Your business is purchasing goods from a supplier and needs a written agreement that defines the products, pricing, delivery schedule, quality standards, and warranty terms to protect against defective merchandise and delivery failures.

You are onboarding a new vendor to provide recurring services or supplies and need to establish net payment terms, minimum order quantities, pricing guarantees, and performance standards in a formal contract before the first purchase order is placed.

A vendor is delivering goods that must comply with UCC Article 2 requirements for the sale of goods, and you need to address risk of loss, title transfer, and FOB shipping terms to determine which party bears the risk during transit.

Your company requires vendors to meet specific service levels and you need to incorporate service level agreement metrics into the vendor contract, including uptime requirements, response times, and penalties for failing to meet agreed-upon standards. A master service agreement may be more appropriate for complex, long-term vendor relationships.

You are concerned about product liability, data security, or regulatory compliance risks and need indemnification clauses that shift liability for defective products, data breaches, or regulatory violations to the vendor.

Your procurement team manages multiple vendor relationships and needs a standardized agreement template that ensures consistent terms across all suppliers while allowing customization for vendor-specific pricing and delivery schedules.

What Should a Vendor Agreement Include?

Products or Services Description

Provide a detailed description of the goods or services the vendor will supply, including specifications, quantities, quality standards, and any applicable industry certifications. Reference the purchase order process if specific orders will be placed under the agreement. The description should be precise enough to evaluate whether the vendor has fulfilled its obligations.

Pricing and Payment Terms

Specify the pricing structure, including unit prices, volume discounts, and any price adjustment mechanisms tied to market indices or annual reviews. Define net payment terms such as Net 30, Net 60, or Net 90, early payment discounts, and late payment penalties. Address whether pricing is firm for the agreement term or subject to change with notice.

Delivery and Shipping Terms

Define the delivery schedule, lead times, and shipping method. Specify whether delivery is FOB origin (risk transfers to the buyer when the vendor ships the goods) or FOB destination (risk remains with the vendor until goods arrive at the buyer's location). Address partial shipments, backorders, and the process for refusing non-conforming deliveries under UCC Article 2.

Warranties and Quality Standards

Include express warranty provisions covering the merchantability, fitness for purpose, and conformity of goods or services to the agreed specifications. Specify the warranty period, the remedy for defective goods (replacement, repair, or refund), and whether the vendor provides any performance guarantees backed by financial penalties.

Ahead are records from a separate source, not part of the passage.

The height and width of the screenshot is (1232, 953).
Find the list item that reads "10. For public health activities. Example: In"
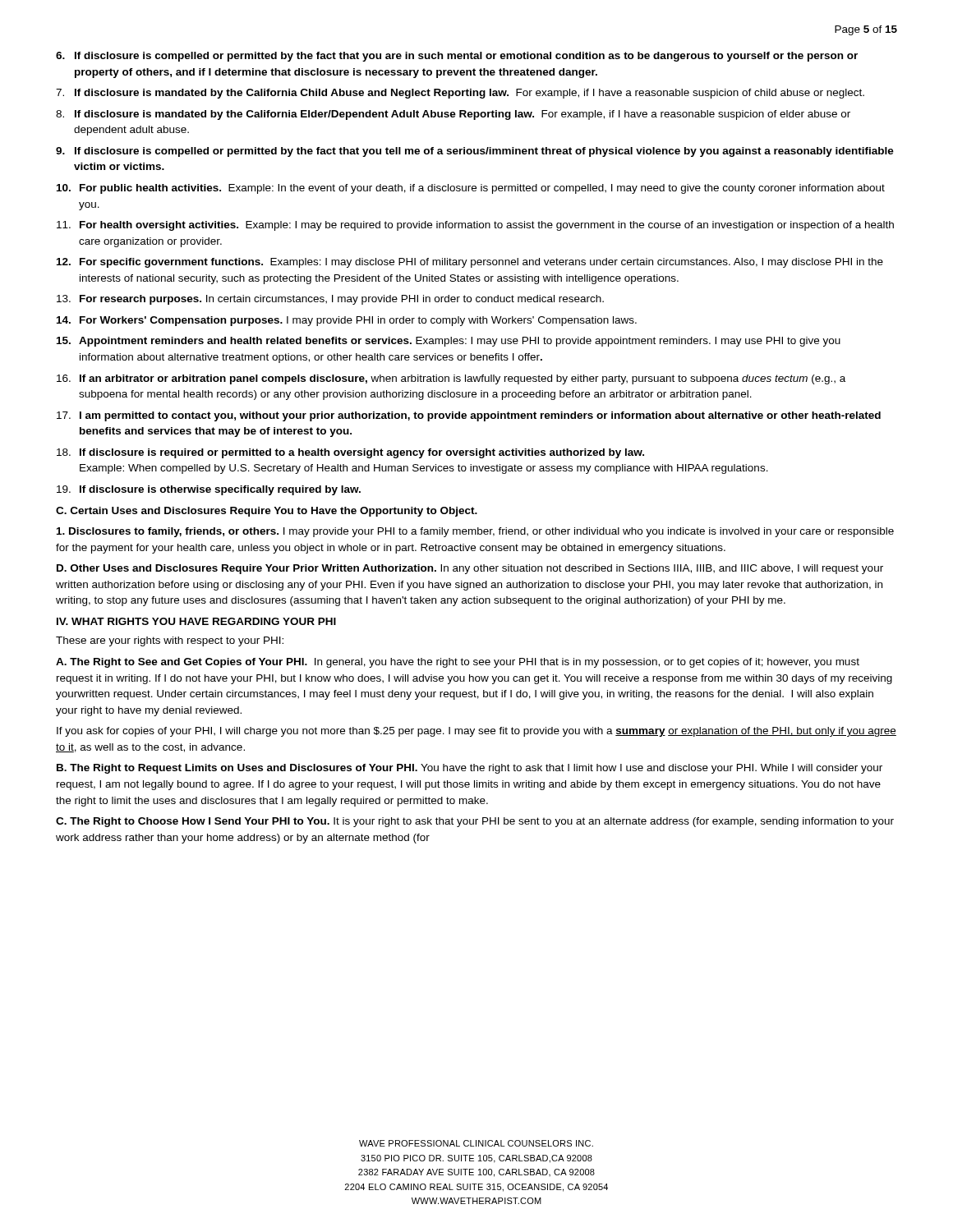tap(476, 196)
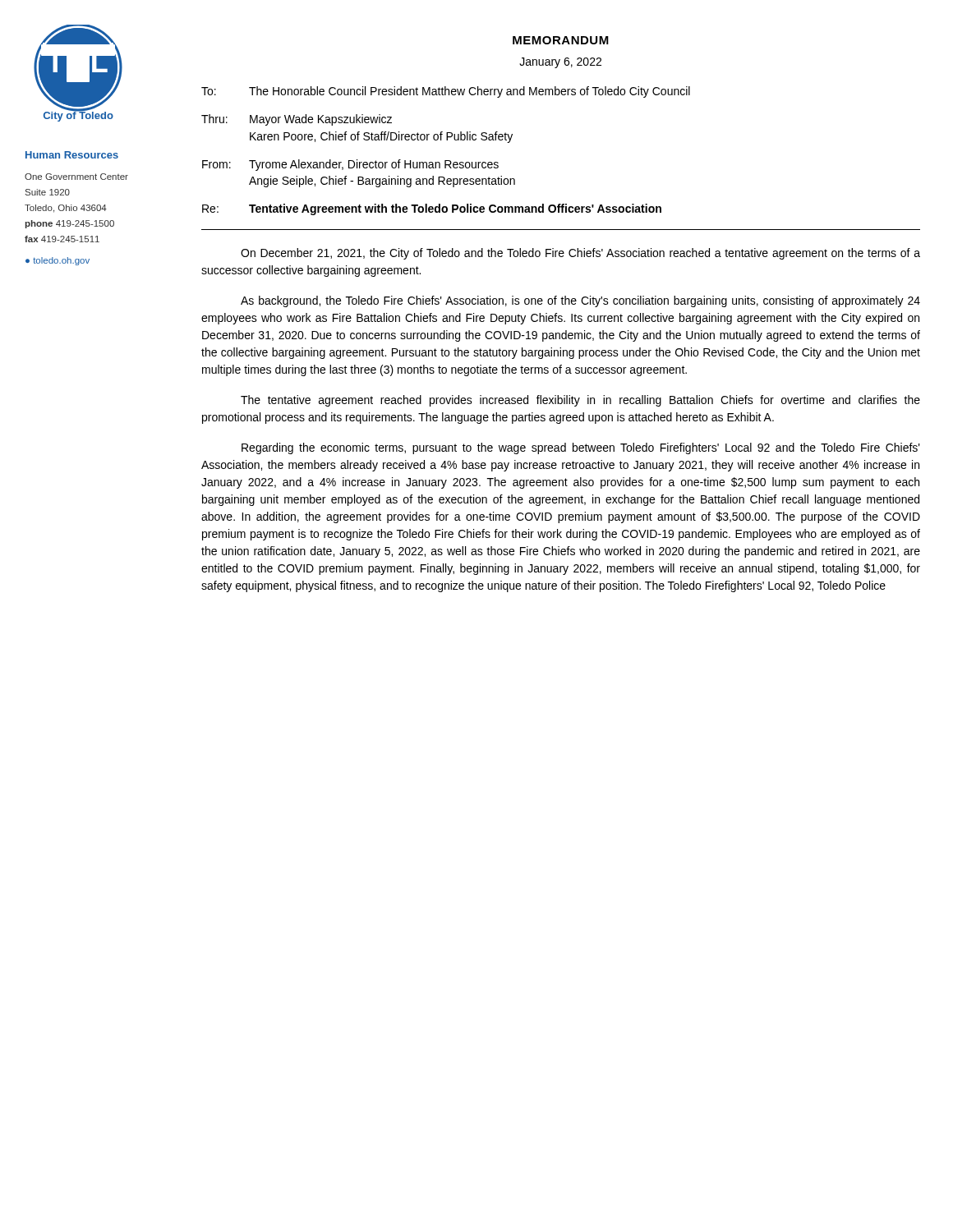Click the passage that begins "Regarding the economic terms, pursuant to the wage"
This screenshot has height=1232, width=953.
coord(561,516)

Indemnification and Insurance

Require the vendor to indemnify the buyer against claims arising from defective products, intellectual property infringement, personal injury, or property damage caused by the vendor's goods or services. Specify the insurance types and minimum coverage amounts the vendor must maintain, including general liability, product liability, and workers' compensation.

Term, Termination, and Force Majeure

Set the agreement term, renewal provisions, and termination procedures for both convenience and cause. Include a force majeure clause addressing supply chain disruptions, natural disasters, and other extraordinary events. Specify the minimum inventory or safety stock requirements to mitigate supply chain risks.

Signature Requirements

Electronic Signature

This vendor agreement is fully enforceable with electronic signatures under the ESIGN Act and UETA. Authorized representatives of both the company and vendor should sign before the vendor begins fulfilling orders under these terms.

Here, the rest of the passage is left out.